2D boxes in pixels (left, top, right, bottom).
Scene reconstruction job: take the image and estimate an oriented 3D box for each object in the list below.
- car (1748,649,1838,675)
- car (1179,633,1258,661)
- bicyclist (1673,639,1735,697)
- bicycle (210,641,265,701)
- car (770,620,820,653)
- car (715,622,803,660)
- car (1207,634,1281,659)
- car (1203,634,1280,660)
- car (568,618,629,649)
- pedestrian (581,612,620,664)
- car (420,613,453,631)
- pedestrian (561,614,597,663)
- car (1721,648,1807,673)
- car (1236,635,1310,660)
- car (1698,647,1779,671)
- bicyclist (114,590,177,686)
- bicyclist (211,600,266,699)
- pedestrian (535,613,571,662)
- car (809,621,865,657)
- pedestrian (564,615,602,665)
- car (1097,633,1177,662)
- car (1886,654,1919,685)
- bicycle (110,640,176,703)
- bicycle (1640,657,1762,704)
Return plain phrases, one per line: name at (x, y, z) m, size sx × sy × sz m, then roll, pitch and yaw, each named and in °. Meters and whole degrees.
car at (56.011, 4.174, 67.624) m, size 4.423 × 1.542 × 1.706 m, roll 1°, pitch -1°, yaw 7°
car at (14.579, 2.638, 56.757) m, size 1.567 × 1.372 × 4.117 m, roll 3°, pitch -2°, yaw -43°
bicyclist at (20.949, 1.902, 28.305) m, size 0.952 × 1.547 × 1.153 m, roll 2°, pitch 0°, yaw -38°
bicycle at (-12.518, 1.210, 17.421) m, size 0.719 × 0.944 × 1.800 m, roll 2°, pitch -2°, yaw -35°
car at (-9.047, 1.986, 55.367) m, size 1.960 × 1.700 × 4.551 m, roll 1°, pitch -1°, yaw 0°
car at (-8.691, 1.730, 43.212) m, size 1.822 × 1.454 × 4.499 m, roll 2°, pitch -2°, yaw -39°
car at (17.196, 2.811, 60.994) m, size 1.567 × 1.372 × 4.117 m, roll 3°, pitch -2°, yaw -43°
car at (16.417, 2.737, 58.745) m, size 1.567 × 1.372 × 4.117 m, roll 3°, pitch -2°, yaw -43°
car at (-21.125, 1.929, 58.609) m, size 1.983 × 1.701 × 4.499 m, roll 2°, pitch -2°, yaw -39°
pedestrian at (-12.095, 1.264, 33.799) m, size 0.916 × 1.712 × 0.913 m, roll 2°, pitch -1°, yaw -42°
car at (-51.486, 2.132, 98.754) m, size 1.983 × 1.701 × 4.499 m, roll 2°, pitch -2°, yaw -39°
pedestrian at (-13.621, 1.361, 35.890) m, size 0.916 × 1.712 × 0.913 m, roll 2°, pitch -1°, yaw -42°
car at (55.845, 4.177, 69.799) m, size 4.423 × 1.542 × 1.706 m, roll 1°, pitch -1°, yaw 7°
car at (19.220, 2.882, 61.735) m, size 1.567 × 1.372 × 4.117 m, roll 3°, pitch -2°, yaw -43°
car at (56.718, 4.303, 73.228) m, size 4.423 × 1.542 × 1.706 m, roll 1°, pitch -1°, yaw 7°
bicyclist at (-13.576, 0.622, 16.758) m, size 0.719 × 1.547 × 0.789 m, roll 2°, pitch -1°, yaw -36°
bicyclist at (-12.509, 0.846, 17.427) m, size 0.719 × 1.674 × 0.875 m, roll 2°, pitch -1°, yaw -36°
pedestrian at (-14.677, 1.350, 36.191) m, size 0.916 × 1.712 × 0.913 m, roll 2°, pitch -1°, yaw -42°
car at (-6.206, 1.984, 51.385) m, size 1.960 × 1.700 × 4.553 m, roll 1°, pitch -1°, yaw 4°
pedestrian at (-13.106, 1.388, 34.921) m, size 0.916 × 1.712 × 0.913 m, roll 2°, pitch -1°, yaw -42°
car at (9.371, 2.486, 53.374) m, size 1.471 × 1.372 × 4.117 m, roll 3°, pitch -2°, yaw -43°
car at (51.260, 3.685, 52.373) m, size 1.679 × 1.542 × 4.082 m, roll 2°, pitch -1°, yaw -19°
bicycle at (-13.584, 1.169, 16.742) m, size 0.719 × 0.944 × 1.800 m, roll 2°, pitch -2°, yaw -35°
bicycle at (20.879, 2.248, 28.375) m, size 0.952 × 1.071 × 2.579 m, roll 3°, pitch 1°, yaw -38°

Assignment:
Every record shown above must be echoed exactly.

Solution to this exercise:
2D boxes in pixels (left, top, right, bottom).
Scene reconstruction job: take the image and estimate an oriented 3D box for each object in the list below.
- car (1748,649,1838,675)
- car (1179,633,1258,661)
- bicyclist (1673,639,1735,697)
- bicycle (210,641,265,701)
- car (770,620,820,653)
- car (715,622,803,660)
- car (1207,634,1281,659)
- car (1203,634,1280,660)
- car (568,618,629,649)
- pedestrian (581,612,620,664)
- car (420,613,453,631)
- pedestrian (561,614,597,663)
- car (1721,648,1807,673)
- car (1236,635,1310,660)
- car (1698,647,1779,671)
- bicyclist (114,590,177,686)
- bicyclist (211,600,266,699)
- pedestrian (535,613,571,662)
- car (809,621,865,657)
- pedestrian (564,615,602,665)
- car (1097,633,1177,662)
- car (1886,654,1919,685)
- bicycle (110,640,176,703)
- bicycle (1640,657,1762,704)
Return plain phrases, one per line: name at (x, y, z) m, size sx × sy × sz m, then roll, pitch and yaw, each named and in °. Meters and whole degrees.
car at (56.011, 4.174, 67.624) m, size 4.423 × 1.542 × 1.706 m, roll 1°, pitch -1°, yaw 7°
car at (14.579, 2.638, 56.757) m, size 1.567 × 1.372 × 4.117 m, roll 3°, pitch -2°, yaw -43°
bicyclist at (20.949, 1.902, 28.305) m, size 0.952 × 1.547 × 1.153 m, roll 2°, pitch 0°, yaw -38°
bicycle at (-12.518, 1.210, 17.421) m, size 0.719 × 0.944 × 1.800 m, roll 2°, pitch -2°, yaw -35°
car at (-9.047, 1.986, 55.367) m, size 1.960 × 1.700 × 4.551 m, roll 1°, pitch -1°, yaw 0°
car at (-8.691, 1.730, 43.212) m, size 1.822 × 1.454 × 4.499 m, roll 2°, pitch -2°, yaw -39°
car at (17.196, 2.811, 60.994) m, size 1.567 × 1.372 × 4.117 m, roll 3°, pitch -2°, yaw -43°
car at (16.417, 2.737, 58.745) m, size 1.567 × 1.372 × 4.117 m, roll 3°, pitch -2°, yaw -43°
car at (-21.125, 1.929, 58.609) m, size 1.983 × 1.701 × 4.499 m, roll 2°, pitch -2°, yaw -39°
pedestrian at (-12.095, 1.264, 33.799) m, size 0.916 × 1.712 × 0.913 m, roll 2°, pitch -1°, yaw -42°
car at (-51.486, 2.132, 98.754) m, size 1.983 × 1.701 × 4.499 m, roll 2°, pitch -2°, yaw -39°
pedestrian at (-13.621, 1.361, 35.890) m, size 0.916 × 1.712 × 0.913 m, roll 2°, pitch -1°, yaw -42°
car at (55.845, 4.177, 69.799) m, size 4.423 × 1.542 × 1.706 m, roll 1°, pitch -1°, yaw 7°
car at (19.220, 2.882, 61.735) m, size 1.567 × 1.372 × 4.117 m, roll 3°, pitch -2°, yaw -43°
car at (56.718, 4.303, 73.228) m, size 4.423 × 1.542 × 1.706 m, roll 1°, pitch -1°, yaw 7°
bicyclist at (-13.576, 0.622, 16.758) m, size 0.719 × 1.547 × 0.789 m, roll 2°, pitch -1°, yaw -36°
bicyclist at (-12.509, 0.846, 17.427) m, size 0.719 × 1.674 × 0.875 m, roll 2°, pitch -1°, yaw -36°
pedestrian at (-14.677, 1.350, 36.191) m, size 0.916 × 1.712 × 0.913 m, roll 2°, pitch -1°, yaw -42°
car at (-6.206, 1.984, 51.385) m, size 1.960 × 1.700 × 4.553 m, roll 1°, pitch -1°, yaw 4°
pedestrian at (-13.106, 1.388, 34.921) m, size 0.916 × 1.712 × 0.913 m, roll 2°, pitch -1°, yaw -42°
car at (9.371, 2.486, 53.374) m, size 1.471 × 1.372 × 4.117 m, roll 3°, pitch -2°, yaw -43°
car at (51.260, 3.685, 52.373) m, size 1.679 × 1.542 × 4.082 m, roll 2°, pitch -1°, yaw -19°
bicycle at (-13.584, 1.169, 16.742) m, size 0.719 × 0.944 × 1.800 m, roll 2°, pitch -2°, yaw -35°
bicycle at (20.879, 2.248, 28.375) m, size 0.952 × 1.071 × 2.579 m, roll 3°, pitch 1°, yaw -38°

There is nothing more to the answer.